Other Related Party Transactions:

In December, 2010, our Board of Directors approved the Company’s entering into supplemental life insurance plans and agreements on the lives of our chief executive officer (“CEO”) and his wife. As a result of these agreements, as amended in October, 2016, based on actuarial tables and other assumptions, during the life expectancies of the insureds, we would pay approximately $28 million in premiums, and certain trusts owned by our CEO, would pay approximately $9 million in premiums. Based on the projected premiums mentioned above, and assuming the policies remain in effect until the death of the insureds, we will be entitled to receive death benefit proceeds of no less than approximately $37 million representing the $28 million of aggregate premiums paid by us as well as the $9 million of aggregate premiums paid by the trusts.
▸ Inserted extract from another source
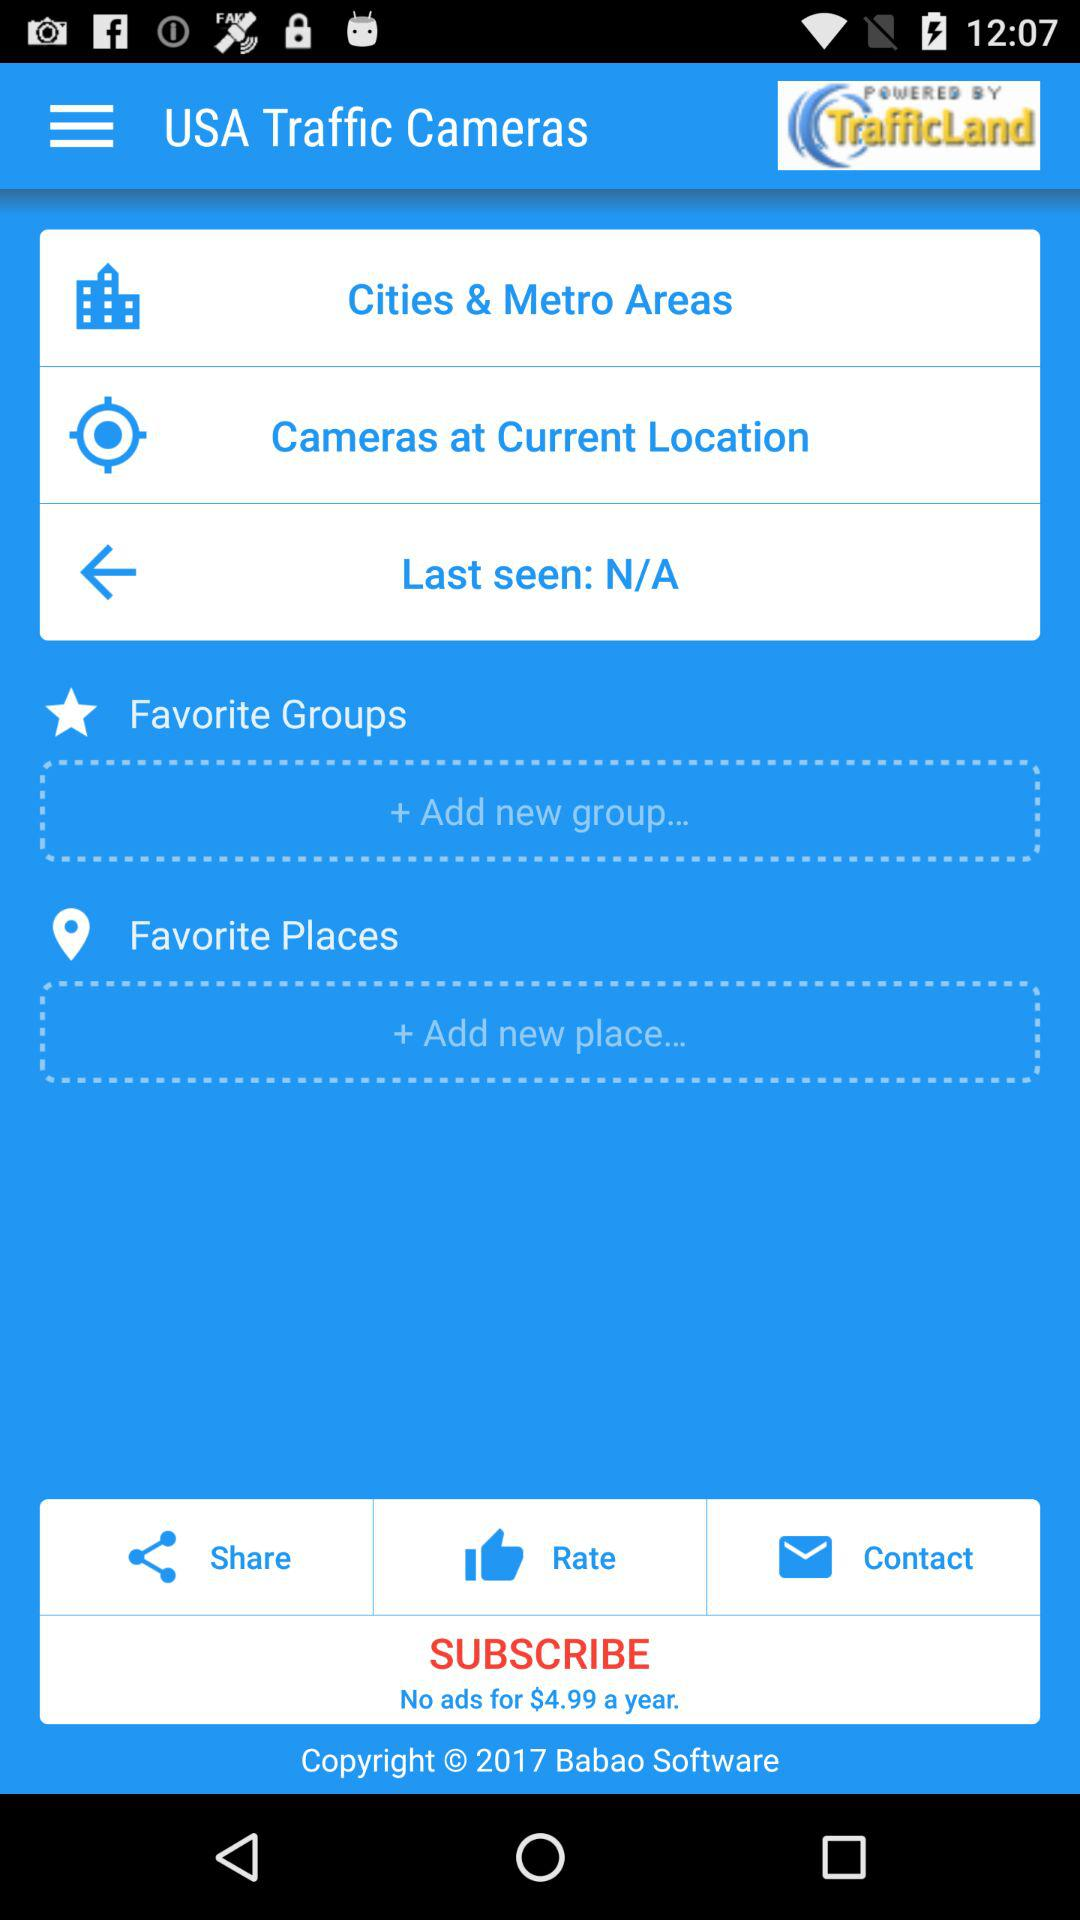With which applications can this be shared?
When the provided information is insufficient, respond with <no answer>. <no answer>

In connection with these policies, we paid approximately $1.1 million, net, in premium payments during each of 2020, 2019 and 2018.
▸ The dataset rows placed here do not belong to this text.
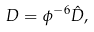Convert formula to latex. <formula><loc_0><loc_0><loc_500><loc_500>D = \phi ^ { - 6 } \hat { D } ,</formula> 
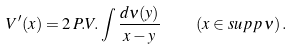<formula> <loc_0><loc_0><loc_500><loc_500>V ^ { \prime } ( x ) = 2 \, P . V . \int \frac { d \nu ( y ) } { x - y } \quad ( x \in s u p p \, \nu ) \, .</formula> 
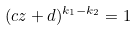<formula> <loc_0><loc_0><loc_500><loc_500>( c z + d ) ^ { k _ { 1 } - k _ { 2 } } = 1</formula> 
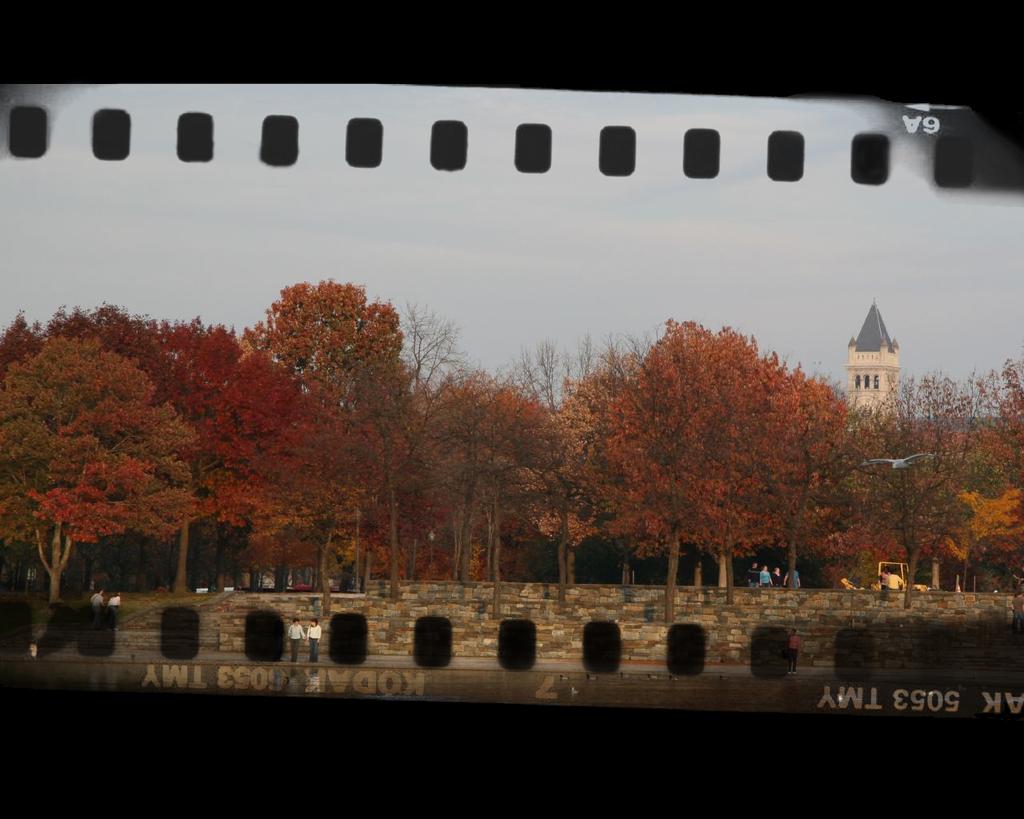What brand is the film?
Provide a succinct answer. Kodak. What is the serial number beside the film brand?
Make the answer very short. 5053 tmy. 
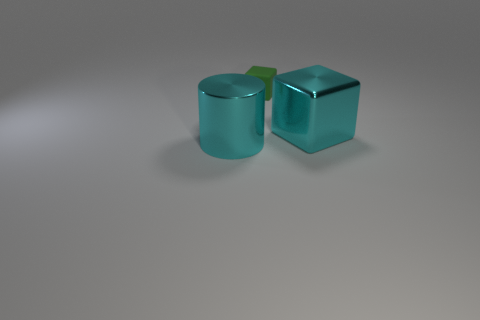Add 1 big brown rubber spheres. How many objects exist? 4 Subtract all cylinders. How many objects are left? 2 Add 3 large cyan cylinders. How many large cyan cylinders are left? 4 Add 2 green matte blocks. How many green matte blocks exist? 3 Subtract 0 brown cubes. How many objects are left? 3 Subtract all green matte objects. Subtract all tiny objects. How many objects are left? 1

In August, 2015, Marc D. Miller, our President and Chief Executive Officer and member of our Board of Directors, was appointed to the Board of Directors of Premier, Inc. (“Premier”), a healthcare performance improvement alliance.  During 2013, we entered into a new group purchasing organization agreement (“GPO”) with Premier. In conjunction with the GPO agreement, we acquired a minority interest in Premier for a nominal amount. During the fourth quarter of 2013, in connection with the completion of an initial public offering of the stock of Premier, we received cash proceeds for the sale of a portion of our ownership interest in the

GPO. Also in connection with this GPO agreement, we received shares of restricted stock of Premier which vest ratably over a seven-year period (2014 through 2020), contingent upon our continued participation and minority ownership interest in the GPO.  During the third quarter of 2020, we entered into an agreement with Premier pursuant to the terms of which, among other things, our ownership interest in Premier was converted into shares of Class A Common Stock of Premier.  We have elected to retain a portion of the previously vested shares of Premier, the market value of which is included in other assets on our consolidated balance sheet.  Based upon the closing price of Premier’s stock on each respective date, the market value of our shares of Premier on which the restrictions have lapsed was $78 million as of December 31, 2020 and $70 million as of December 31, 2019.  The $8 million increase in market value at December 31, 2020, as compared to December 31, 2019, is the result of $12 million of additional vested shares and $4 million of decreased market value. The $4 million decrease in market value of our vested Premier shares since December 31, 2020 was recorded as an unrealized loss and included in “Other (income) expense, net” in our consolidated statements of income for the year ended December 31, 2020.   Additionally, during 2020, Premier declared a quarterly cash dividend during each of the third and fourth quarters of $0.19 per share per quarter. Our share of the dividends for the year ended December 31, 2020 is approximately $800,000 and is included in “Other (income) expense, net” in our condensed consolidated statements of income for the year ended December 31, 2020.    

A member of our Board of Directors and member of the Executive Committee and Finance Committee is a partner in Norton Rose Fulbright US LLP, a law firm engaged by us for a variety of legal services.  The Board member and his law firm also provide personal legal services to our Executive Chairman and acts as trustee of certain trusts for the benefit of our Executive Chairman and his family.